■ Required action: An exact copy of the records is required, minus the pictures they hold.

─── Dataset content ───

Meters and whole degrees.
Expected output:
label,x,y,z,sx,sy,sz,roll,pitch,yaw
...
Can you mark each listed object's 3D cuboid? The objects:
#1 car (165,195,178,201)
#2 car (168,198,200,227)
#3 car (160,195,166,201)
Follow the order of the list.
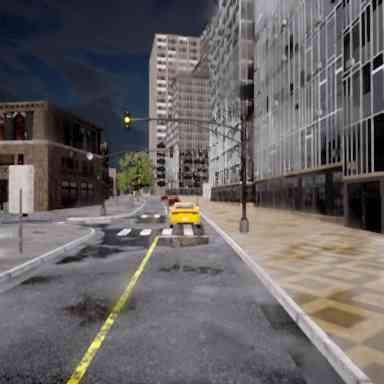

───

■ Solution for this exercise:
Meters and whole degrees.
Expected output:
label,x,y,z,sx,sy,sz,roll,pitch,yaw
...
Can you mark each listed object's 3D cuboid? The objects:
#1 car (165,195,178,201)
#2 car (168,198,200,227)
#3 car (160,195,166,201)
Follow the order of the list.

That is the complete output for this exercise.